Secara moral dimaknai adalah apakah ilmunya mampu di-darma-bakti-kan bagi hajat hidup orang banyak. Sedangkan secara intelektual adalah bisa digunakan secara kritis dan transformatif dalam membaca persoalan-persoalan realitas sosial.

Selanjutnya, bagaimana seseorang kemudian dapat memiliki kompetensi dalam bidang tertentu, sementara yang bersangkutan tidak pernah mempelajarinya melalui proses pendidikan formal, mengutip pendekatan positivisme.

Pikiran sempit yang hanya menggunakan ijazah-sentris sesungguhnya menunjukkan bahwa orang yang bersangkutan memandang ijazah sebagai jalan meningkatkan status sosial an sich dan kepentingan-kepentingan sektoral lainnya.

Tidak ada niatan dan keinginan untuk belajar karena menuntut ilmu secara tulus hati. Tidak ada kemauan dan kehendak untuk belajar karena kepentingan pembangunan sumber daya manusia yang berkualitas dan beradab. Tidak ada komitmen suci untuk belajar demi kemajuan pembangunan sumber daya manusia.

Yang ada hanyalah mengejar dan meraih ijazah untuk kepentingan sesaat. Mendapatkan ijazah hanya menjadi alat yang bernama kursi dan kekuasaan. Tidak ada yang bernama peningkatan kualitas hidup manusia. Sebaliknya yang ada hanyalah meningkatkan sesuatu hal yang bendawi dan tentunya sangat kering nilai-nilai kehidupan.

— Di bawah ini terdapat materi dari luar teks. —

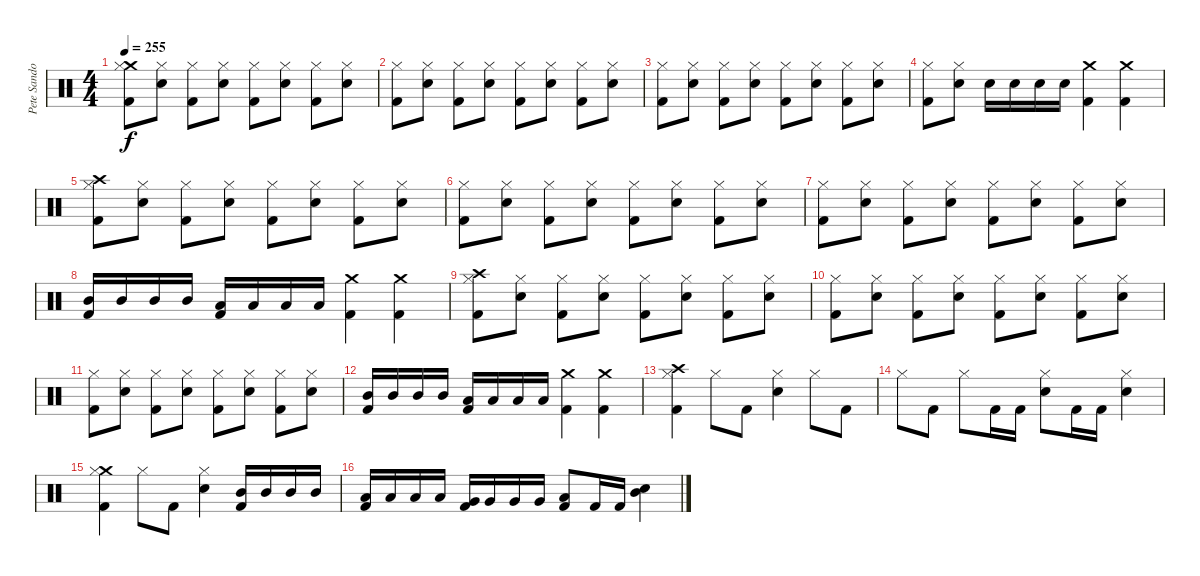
\track ("Pete Sandoval" "Pete Sando") {instrument percussion}
\staff {score}
\articulation defaults
\ts (4 4)
\tempo 255
\clef neutral
\ks c
("Crash medium (hit)" "Hi-Hat (closed)" "Kick (hit) 2").8{dy f} ("Hi-Hat (closed)" "Electric Snare (hit)").8 ("Hi-Hat (closed)" "Kick (hit) 2").8 ("Hi-Hat (closed)" "Electric Snare (hit)").8 ("Hi-Hat (closed)" "Kick (hit) 2").8 ("Hi-Hat (closed)" "Electric Snare (hit)").8 ("Hi-Hat (closed)" "Kick (hit) 2").8 ("Hi-Hat (closed)" "Electric Snare (hit)").8 |
("Hi-Hat (closed)" "Kick (hit) 2").8 ("Hi-Hat (closed)" "Electric Snare (hit)").8 ("Hi-Hat (closed)" "Kick (hit) 2").8 ("Hi-Hat (closed)" "Electric Snare (hit)").8 ("Hi-Hat (closed)" "Kick (hit) 2").8 ("Hi-Hat (closed)" "Electric Snare (hit)").8 ("Hi-Hat (closed)" "Kick (hit) 2").8 ("Hi-Hat (closed)" "Electric Snare (hit)").8 |
("Hi-Hat (closed)" "Kick (hit) 2").8 ("Hi-Hat (closed)" "Electric Snare (hit)").8 ("Hi-Hat (closed)" "Kick (hit) 2").8 ("Hi-Hat (closed)" "Electric Snare (hit)").8 ("Hi-Hat (closed)" "Kick (hit) 2").8 ("Hi-Hat (closed)" "Electric Snare (hit)").8 ("Hi-Hat (closed)" "Kick (hit) 2").8 ("Hi-Hat (closed)" "Electric Snare (hit)").8 |
("Hi-Hat (closed)" "Kick (hit) 2").8 ("Hi-Hat (closed)" "Electric Snare (hit)").8 "Electric Snare (hit)".16 "Electric Snare (hit)".16 "Electric Snare (hit)".16 "Electric Snare (hit)".16 ("Crash medium (hit)" "Kick (hit) 2").4 ("Crash medium (hit)" "Kick (hit) 2").4 |
("Crash high (hit)" "Hi-Hat (closed)" "Kick (hit) 2").8 ("Hi-Hat (closed)" "Electric Snare (hit)").8 ("Hi-Hat (closed)" "Kick (hit) 2").8 ("Hi-Hat (closed)" "Electric Snare (hit)").8 ("Hi-Hat (closed)" "Kick (hit) 2").8 ("Hi-Hat (closed)" "Electric Snare (hit)").8 ("Hi-Hat (closed)" "Kick (hit) 2").8 ("Hi-Hat (closed)" "Electric Snare (hit)").8 |
("Hi-Hat (closed)" "Kick (hit) 2").8 ("Hi-Hat (closed)" "Electric Snare (hit)").8 ("Hi-Hat (closed)" "Kick (hit) 2").8 ("Hi-Hat (closed)" "Electric Snare (hit)").8 ("Hi-Hat (closed)" "Kick (hit) 2").8 ("Hi-Hat (closed)" "Electric Snare (hit)").8 ("Hi-Hat (closed)" "Kick (hit) 2").8 ("Hi-Hat (closed)" "Electric Snare (hit)").8 |
("Hi-Hat (closed)" "Kick (hit) 2").8 ("Hi-Hat (closed)" "Electric Snare (hit)").8 ("Hi-Hat (closed)" "Kick (hit) 2").8 ("Hi-Hat (closed)" "Electric Snare (hit)").8 ("Hi-Hat (closed)" "Kick (hit) 2").8 ("Hi-Hat (closed)" "Electric Snare (hit)").8 ("Hi-Hat (closed)" "Kick (hit) 2").8 ("Hi-Hat (closed)" "Electric Snare (hit)").8 |
("Kick (hit) 2" "Mid Tom (hit)").16 "Mid Tom (hit)".16 "Mid Tom (hit)".16 "Mid Tom (hit)".16 ("Kick (hit) 2" "Low Tom (hit)").16 "Low Tom (hit)".16 "Low Tom (hit)".16 "Low Tom (hit)".16 ("Crash medium (hit)" "Kick (hit) 2").4 ("Crash medium (hit)" "Kick (hit) 2").4 |
("Crash high (hit)" "Hi-Hat (closed)" "Kick (hit) 2").8 ("Hi-Hat (closed)" "Electric Snare (hit)").8 ("Hi-Hat (closed)" "Kick (hit) 2").8 ("Hi-Hat (closed)" "Electric Snare (hit)").8 ("Hi-Hat (closed)" "Kick (hit) 2").8 ("Hi-Hat (closed)" "Electric Snare (hit)").8 ("Hi-Hat (closed)" "Kick (hit) 2").8 ("Hi-Hat (closed)" "Electric Snare (hit)").8 |
("Hi-Hat (closed)" "Kick (hit) 2").8 ("Hi-Hat (closed)" "Electric Snare (hit)").8 ("Hi-Hat (closed)" "Kick (hit) 2").8 ("Hi-Hat (closed)" "Electric Snare (hit)").8 ("Hi-Hat (closed)" "Kick (hit) 2").8 ("Hi-Hat (closed)" "Electric Snare (hit)").8 ("Hi-Hat (closed)" "Kick (hit) 2").8 ("Hi-Hat (closed)" "Electric Snare (hit)").8 |
("Hi-Hat (closed)" "Kick (hit) 2").8 ("Hi-Hat (closed)" "Electric Snare (hit)").8 ("Hi-Hat (closed)" "Kick (hit) 2").8 ("Hi-Hat (closed)" "Electric Snare (hit)").8 ("Hi-Hat (closed)" "Kick (hit) 2").8 ("Hi-Hat (closed)" "Electric Snare (hit)").8 ("Hi-Hat (closed)" "Kick (hit) 2").8 ("Hi-Hat (closed)" "Electric Snare (hit)").8 |
("Kick (hit) 2" "Mid Tom (hit)").16 "Mid Tom (hit)".16 "Mid Tom (hit)".16 "Mid Tom (hit)".16 ("Kick (hit) 2" "Low Tom (hit)").16 "Low Tom (hit)".16 "Low Tom (hit)".16 "Low Tom (hit)".16 ("Crash medium (hit)" "Kick (hit) 2").4 ("Crash medium (hit)" "Kick (hit) 2").4 |
("Crash high (hit)" "Hi-Hat (closed)" "Kick (hit) 2").4 "Hi-Hat (closed)".8 "Kick (hit) 2".8 ("Hi-Hat (closed)" "Electric Snare (hit)").4 "Hi-Hat (closed)".8 "Kick (hit) 2".8 |
"Hi-Hat (closed)".8 "Kick (hit) 2".8 "Hi-Hat (closed)".8 "Kick (hit) 2".16 "Kick (hit) 2".16 ("Hi-Hat (closed)" "Electric Snare (hit)").8 "Kick (hit) 2".16 "Kick (hit) 2".16 ("Hi-Hat (closed)" "Electric Snare (hit)").4 |
("Crash medium (hit)" "Hi-Hat (closed)" "Kick (hit) 2").4 "Hi-Hat (closed)".8 "Kick (hit) 2".8 ("Hi-Hat (closed)" "Electric Snare (hit)").4 ("Mid Tom (hit)" "Kick (hit) 2").16 "Mid Tom (hit)".16 "Mid Tom (hit)".16 "Mid Tom (hit)".16 |
("Low Tom (hit)" "Kick (hit) 2").16 "Low Tom (hit)".16 "Low Tom (hit)".16 "Low Tom (hit)".16 ("Very Low Tom (hit)" "Kick (hit) 2").16 "Very Low Tom (hit)".16 "Very Low Tom (hit)".16 "Very Low Tom (hit)".16 ("Low Floor Tom (hit)" "Kick (hit) 2").8 "Kick (hit) 2".16 "Kick (hit) 2".16 ("Mid Tom (hit)" "Electric Snare (hit)").4

Bagaimana akan membangun bangsa yang besar, sementara republik ini masih diwarnai dengan praktik pendidikan yang tidak sehat, yang tidak bermoral, dan yang tidak beradab. Bagaimana akan melahirkan pribadi-pribadi manusia yang bermutu, sementara jalan yang ditempuh dalam dunia pendidikan melalui praktik jalan pintas.

Kontjaraningrat menyebutnya sebagai budaya menorobos, sebuah jalan yang tidak dihalalkan secara moral dan intelektual. Jalan yang ditempuh sudah tidak sehat. Oleh sebab itu, inilah yang disebut sebagai gagalnya pembangunan kemanusiaan.

Tatkala pribadi manusia di republik kita ini sudah dikotori oleh kepentingan sesaat yang lebih dekat dengan “kue tertentu”, ke depan bangsa ini akan terus menerus dihuni oleh manusia-manusia yang tidak memiliki prinsip hidup dan yang berkarakter tangguh. Republik ini pun akan kian masuk dalam jurang kehancuran.